> _EXERCISE DIRECTIONS_: Each image should be skipped while the records are restated word for word.

Stored entries:
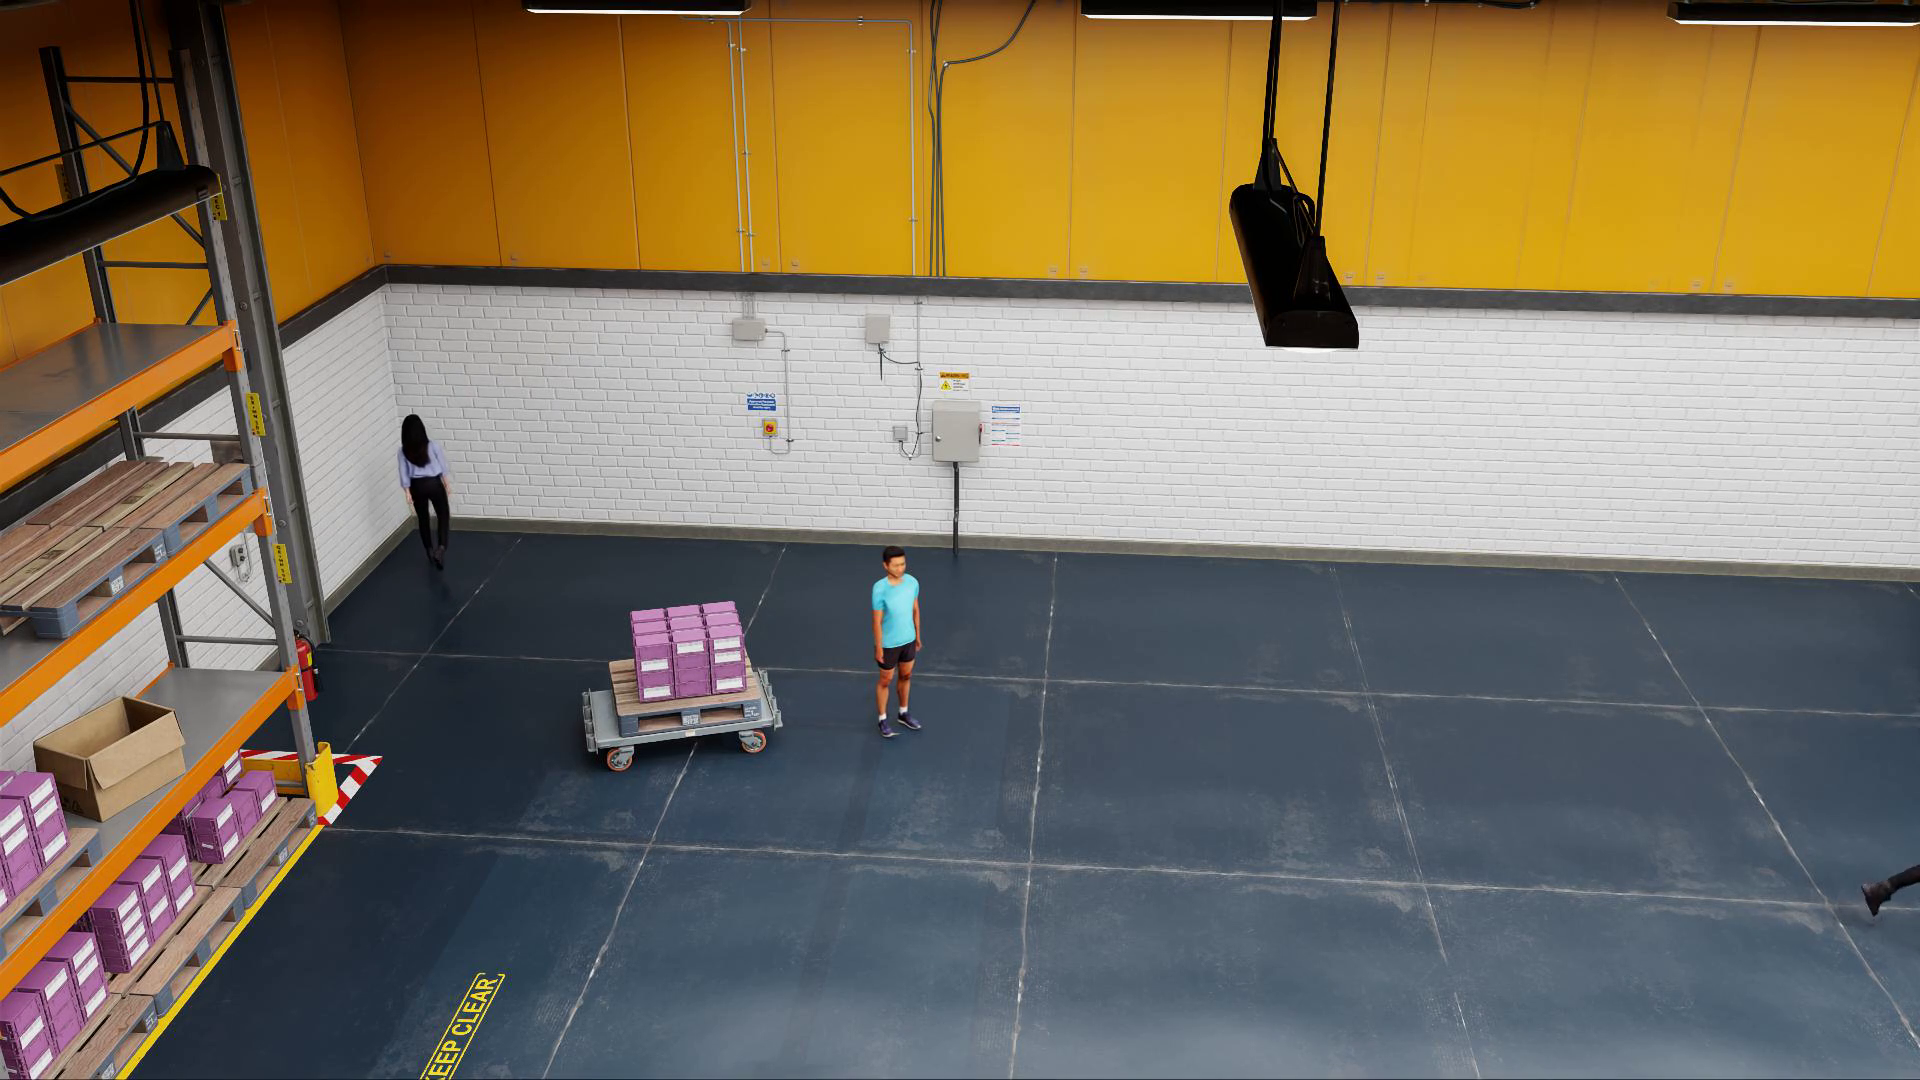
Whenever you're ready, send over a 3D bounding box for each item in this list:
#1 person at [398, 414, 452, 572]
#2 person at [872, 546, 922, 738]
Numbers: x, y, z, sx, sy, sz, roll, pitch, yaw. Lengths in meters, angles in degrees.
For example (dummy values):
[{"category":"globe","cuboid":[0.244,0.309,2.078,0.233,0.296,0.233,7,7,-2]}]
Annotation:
[{"category":"person","cuboid":[-5.607,-0.473,17.525,0.830,1.728,1.053,-5,24,-12]},{"category":"person","cuboid":[-0.562,0.861,14.420,0.667,1.773,0.709,-16,28,-33]}]
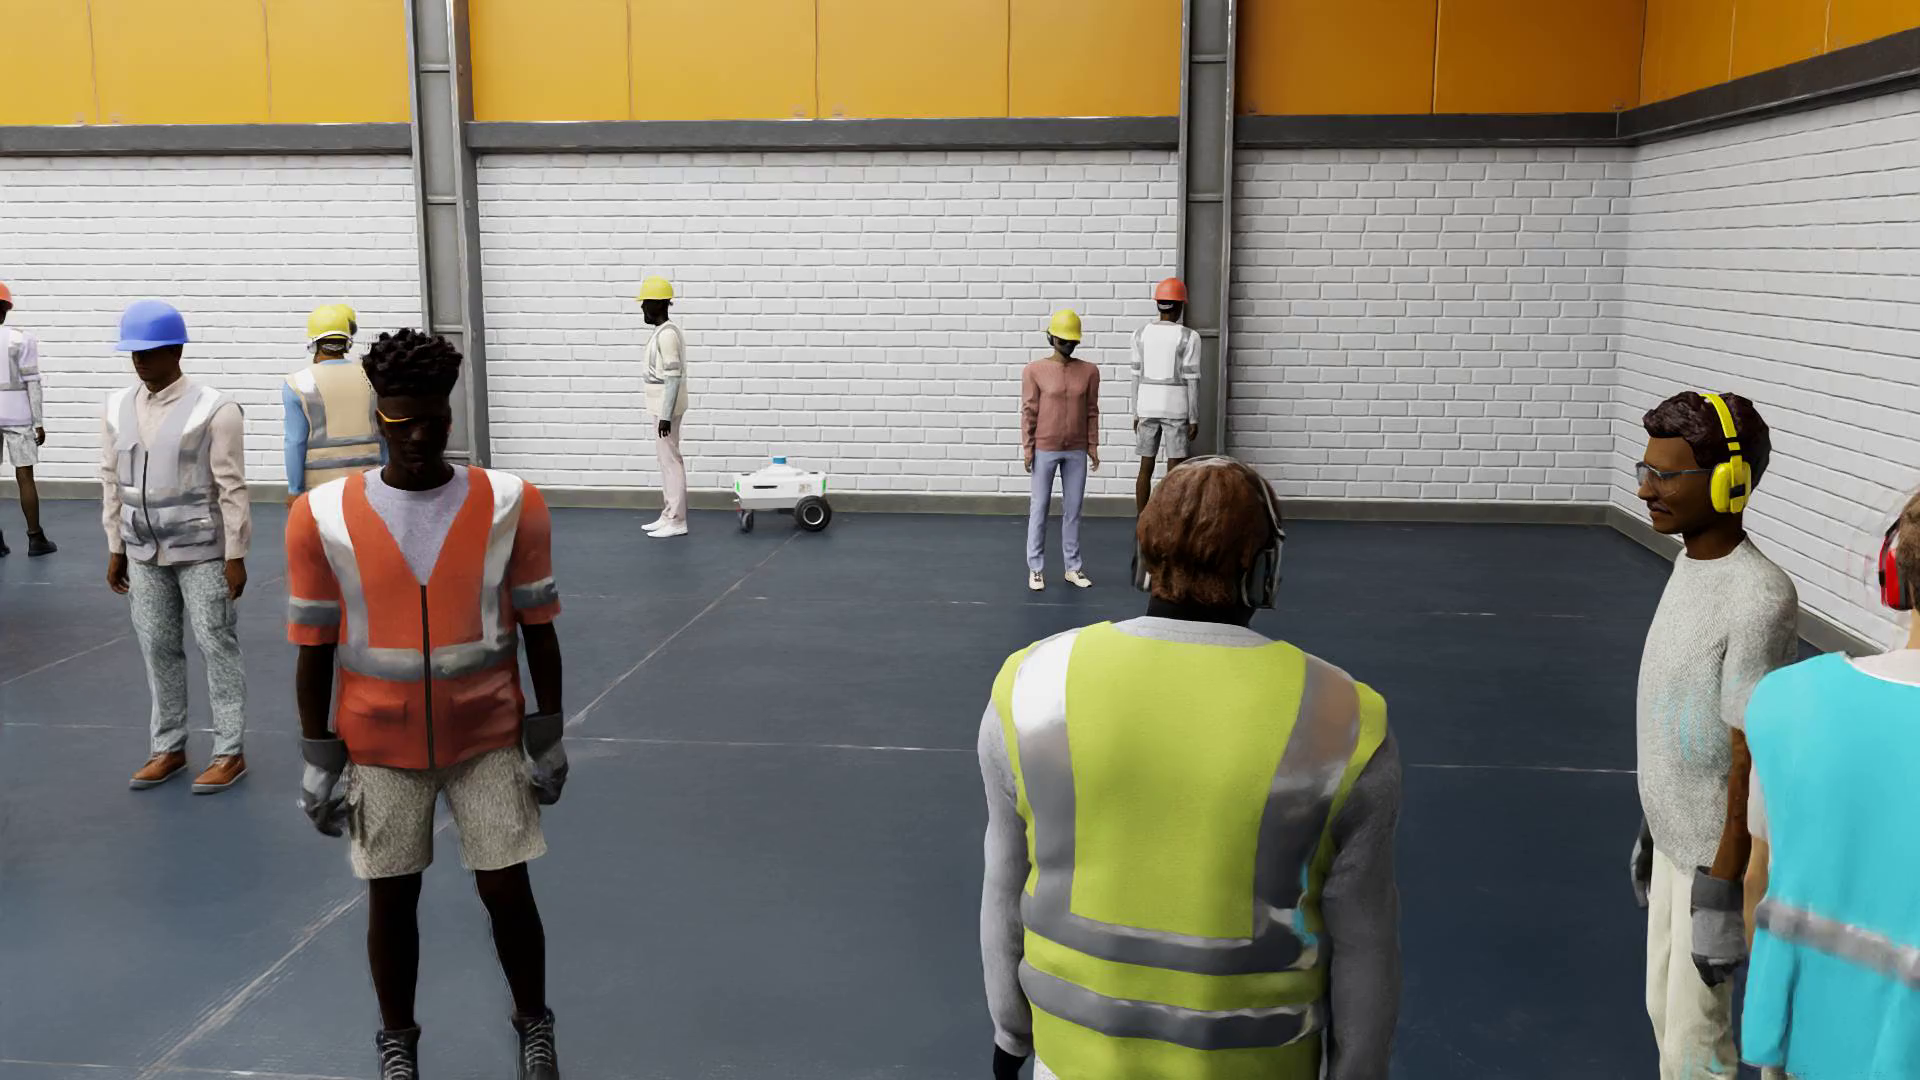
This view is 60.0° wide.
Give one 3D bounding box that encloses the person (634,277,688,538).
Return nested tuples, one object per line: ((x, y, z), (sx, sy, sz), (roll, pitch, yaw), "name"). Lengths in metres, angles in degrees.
((-2.209, -0.983, 12.365), (0.368, 1.927, 0.589), (-3, 10, -16), "person")

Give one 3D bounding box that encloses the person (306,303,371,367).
((-4.540, -0.875, 12.294), (0.528, 1.746, 0.737), (-4, 11, -23), "person")

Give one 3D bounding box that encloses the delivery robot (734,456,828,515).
((-1.373, -0.401, 12.692), (0.707, 0.478, 0.477), (-2, 10, -9), "delivery robot")

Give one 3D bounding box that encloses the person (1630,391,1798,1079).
((1.453, 0.634, 3.328), (0.333, 1.855, 0.510), (2, 10, 9), "person")

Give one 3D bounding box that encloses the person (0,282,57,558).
((-6.624, -0.834, 11.513), (0.547, 1.926, 0.390), (-2, 10, -12), "person")

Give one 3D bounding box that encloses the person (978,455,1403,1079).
((0.343, 0.782, 2.550), (0.640, 1.830, 0.429), (3, 10, 16), "person")

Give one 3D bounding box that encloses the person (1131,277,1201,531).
((1.503, -0.937, 12.119), (0.539, 1.929, 0.386), (5, 11, 27), "person")

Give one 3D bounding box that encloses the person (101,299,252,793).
((-3.078, 0.033, 6.535), (0.615, 1.939, 0.418), (2, 10, 12), "person")

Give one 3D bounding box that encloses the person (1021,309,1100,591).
((0.636, -0.564, 10.440), (0.522, 1.764, 0.318), (-3, 10, -17), "person")

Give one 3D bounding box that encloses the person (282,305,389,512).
((-3.341, -0.338, 8.938), (0.588, 1.834, 0.403), (-10, 14, -44), "person")

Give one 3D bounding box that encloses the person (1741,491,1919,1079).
((1.440, 0.799, 2.490), (0.930, 1.806, 0.600), (-6, 12, -32), "person")

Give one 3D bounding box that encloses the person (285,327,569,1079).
((-1.257, 0.472, 3.980), (0.620, 1.955, 0.391), (-3, 10, -16), "person")

> _SOLVED EXERCISE_:
Whenever you're ready, send over a 3D bounding box for each item in this list:
#1 person at [398, 414, 452, 572]
#2 person at [872, 546, 922, 738]
Numbers: x, y, z, sx, sy, sz, roll, pitch, yaw. Lengths in meters, angles in degrees.
For example (dummy values):
[{"category":"globe","cuboid":[0.244,0.309,2.078,0.233,0.296,0.233,7,7,-2]}]
Annotation:
[{"category":"person","cuboid":[-5.607,-0.473,17.525,0.830,1.728,1.053,-5,24,-12]},{"category":"person","cuboid":[-0.562,0.861,14.420,0.667,1.773,0.709,-16,28,-33]}]
This view is 60.0° wide.
Give one 3D bounding box that encloses the person (634,277,688,538).
Return nested tuples, one object per line: ((x, y, z), (sx, sy, sz), (roll, pitch, yaw), "name"). Lengths in metres, angles in degrees.
((-2.209, -0.983, 12.365), (0.368, 1.927, 0.589), (-3, 10, -16), "person")

Give one 3D bounding box that encloses the person (306,303,371,367).
((-4.540, -0.875, 12.294), (0.528, 1.746, 0.737), (-4, 11, -23), "person")

Give one 3D bounding box that encloses the delivery robot (734,456,828,515).
((-1.373, -0.401, 12.692), (0.707, 0.478, 0.477), (-2, 10, -9), "delivery robot")

Give one 3D bounding box that encloses the person (1630,391,1798,1079).
((1.453, 0.634, 3.328), (0.333, 1.855, 0.510), (2, 10, 9), "person")

Give one 3D bounding box that encloses the person (0,282,57,558).
((-6.624, -0.834, 11.513), (0.547, 1.926, 0.390), (-2, 10, -12), "person")

Give one 3D bounding box that encloses the person (978,455,1403,1079).
((0.343, 0.782, 2.550), (0.640, 1.830, 0.429), (3, 10, 16), "person")

Give one 3D bounding box that encloses the person (1131,277,1201,531).
((1.503, -0.937, 12.119), (0.539, 1.929, 0.386), (5, 11, 27), "person")

Give one 3D bounding box that encloses the person (101,299,252,793).
((-3.078, 0.033, 6.535), (0.615, 1.939, 0.418), (2, 10, 12), "person")

Give one 3D bounding box that encloses the person (1021,309,1100,591).
((0.636, -0.564, 10.440), (0.522, 1.764, 0.318), (-3, 10, -17), "person")

Give one 3D bounding box that encloses the person (282,305,389,512).
((-3.341, -0.338, 8.938), (0.588, 1.834, 0.403), (-10, 14, -44), "person")

Give one 3D bounding box that encloses the person (1741,491,1919,1079).
((1.440, 0.799, 2.490), (0.930, 1.806, 0.600), (-6, 12, -32), "person")

Give one 3D bounding box that encloses the person (285,327,569,1079).
((-1.257, 0.472, 3.980), (0.620, 1.955, 0.391), (-3, 10, -16), "person")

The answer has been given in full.